Phrase trained model evaluated on phrases vs. questions
eval on phrase dev set | eval on question dev set | |
---|---|---|
F1 | 83.3 | 81.12 |
Exact | 80.27 | 77.83 |
HasAns_f1 | 80.77 | 80.64 |
HasAns_exact | 74.7 | 74.06 |
NoAns_f1 | 85.82 | 81.6 |
NoAns_exact | 85.82 | 81.6 |
Best_f1 | 83.3 | 81.12 |
Best_exact | 80.27 | 77.83 |
One other interesting result came from the model trained on questions without question marks, shown in the charts below. When evaluated on questions with question marks (i.e. normal SQuAD) the metrics were slightly better than on its own dev set for the “HasAns” metrics, but slightly worse for the “NoAns”. I would guess this is because if the model isn’t exposed to question marks during training, but then is given a question with a question mark, it will be more likely to assume that the question is answerable given the extra input, which leads to increased accuracy if the question actually has an answer, but decreased accuracy when the question is impossible.

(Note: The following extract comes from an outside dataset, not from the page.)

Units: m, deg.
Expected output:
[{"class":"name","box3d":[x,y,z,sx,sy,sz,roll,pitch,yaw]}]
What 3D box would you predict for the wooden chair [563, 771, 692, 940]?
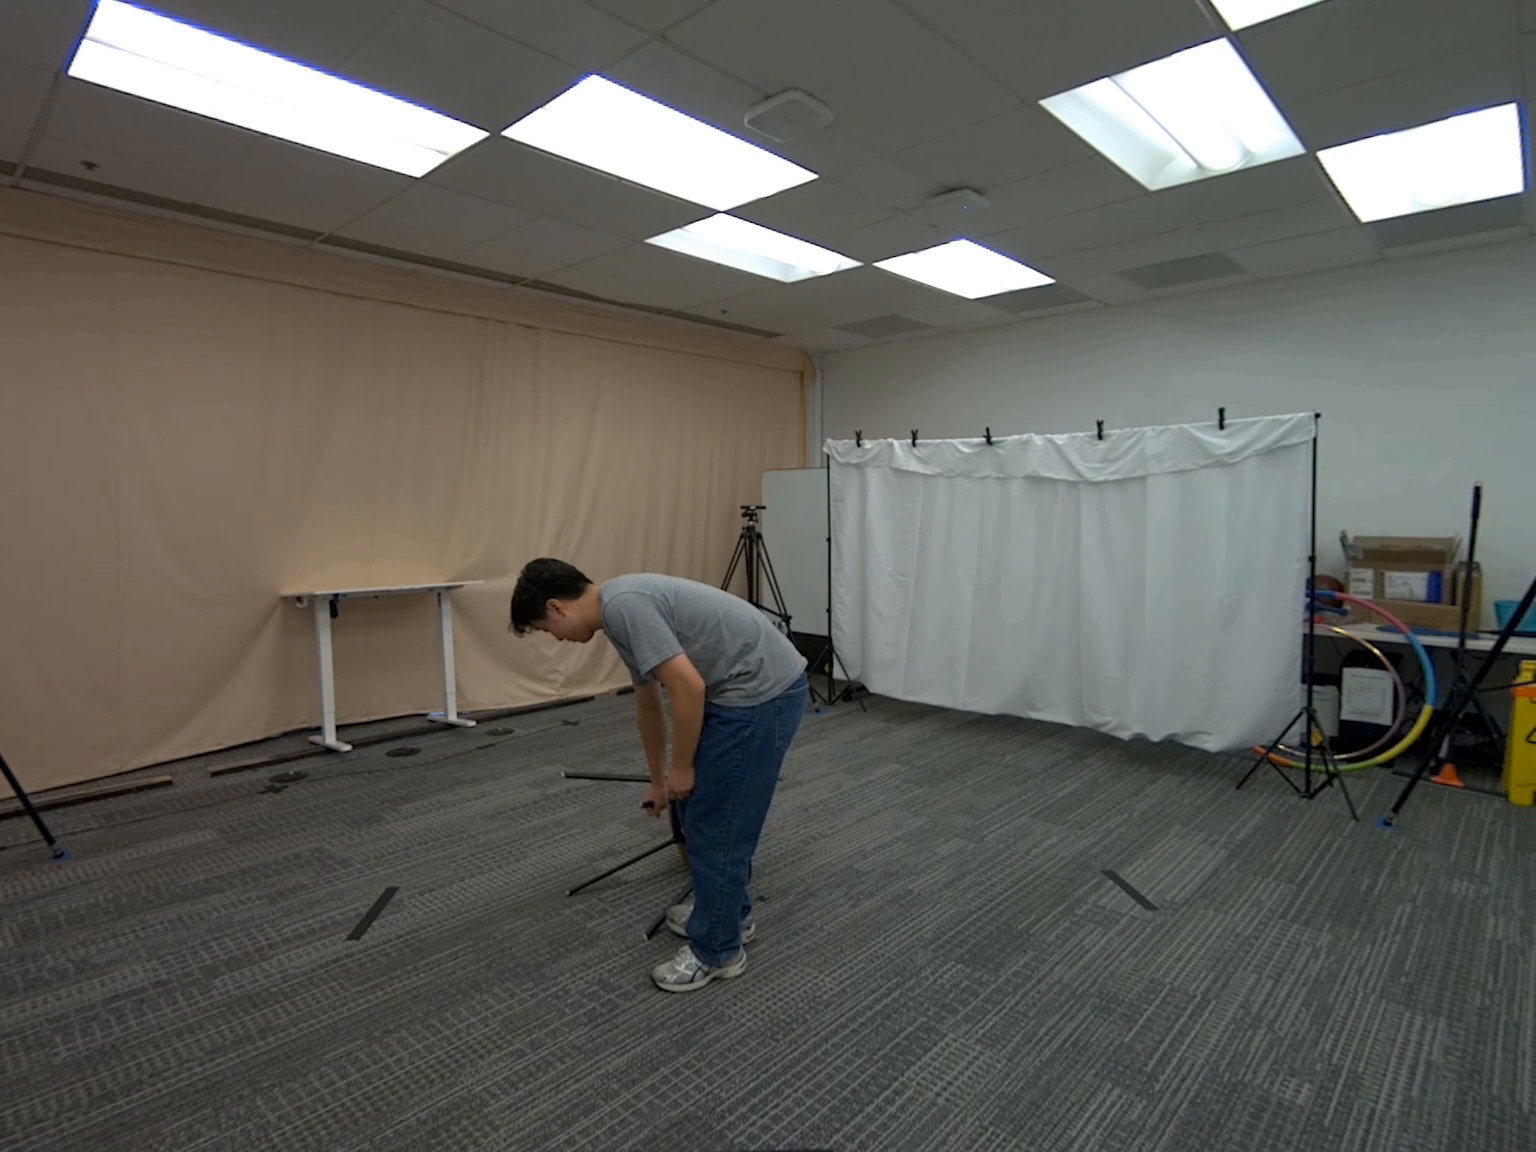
[{"class":"wooden chair","box3d":[-0.273,0.902,3.137,0.540,0.477,0.851,3,6,39]}]

Questions without question mark model evaluated on own dev set vs. normal SQuAD
eval on q no q mark dev set | eval on question dev set | |
---|---|---|
F1 | 84.23 | 83.24 |
Exact | 81.24 | 80.12 |
HasAns_f1 | 85.9 | 87.76 |
HasAns_exact | 79.91 | 81.51 |
NoAns_f1 | 82.57 | 78.73 |
NoAns_exact | 82.57 | 78.73 |
Best_f1 | 84.23 | 83.25 |
Best_exact | 81.24 | 80.13 |
In conclusion, it seems that BERT transformer models begin to recognize and expect specific characteristics from their training data. This affects the results when a model is evaluated on data formatted differently from its original training set, but to a much less dramatic extent if information is being added rather than taken away. On the other hand, the initial dataset a model is trained on doesn’t affect accuracy as much as you might think it would - a model trained on phrases will be within a few points of a question-trained model’s accuracy, and adding or taking away question marks makes a mostly negligible difference. Running these experiments was cool because I was able to get a better feel for how a model actually adapts to a dataset when training on it. I also think the results I found can be practically pretty helpful for anyone designing a question-answering system and wondering what types of input would be most effective.
Further Developments
Each model presented here was only trained once. To run this as a full experiment, ensuring that the results are significant, you would have to set random seeds and run each training about ten times to get standard deviations.
Additionally, there are a few ways to build on this project that I think could be interesting. You could train an ALBERT model twice, on normal SQuAD and then on SQuAD converted to phrases, to see if it achieves better results on both questions and phrases. However, training a model twice on the same data might lead to overfitting on SQuAD. An alternative would be to train a model using MAML, Model Agnostic Meta Learning, which allows a model to learn multiple different tasks, treating questions and phrases as two separate tasks. It would also be interesting to train a model on the full Google Natural Questions dataset, which is already a mixture of questions and phrases, and evaluate it just with a question dataset and just with a phrase dataset to see how the mixture and larger dataset size affect the results.
Thank you to my supervisor, Sonia Joseph, who initially proposed this idea to me, helped along the way, and introduced me to MAML.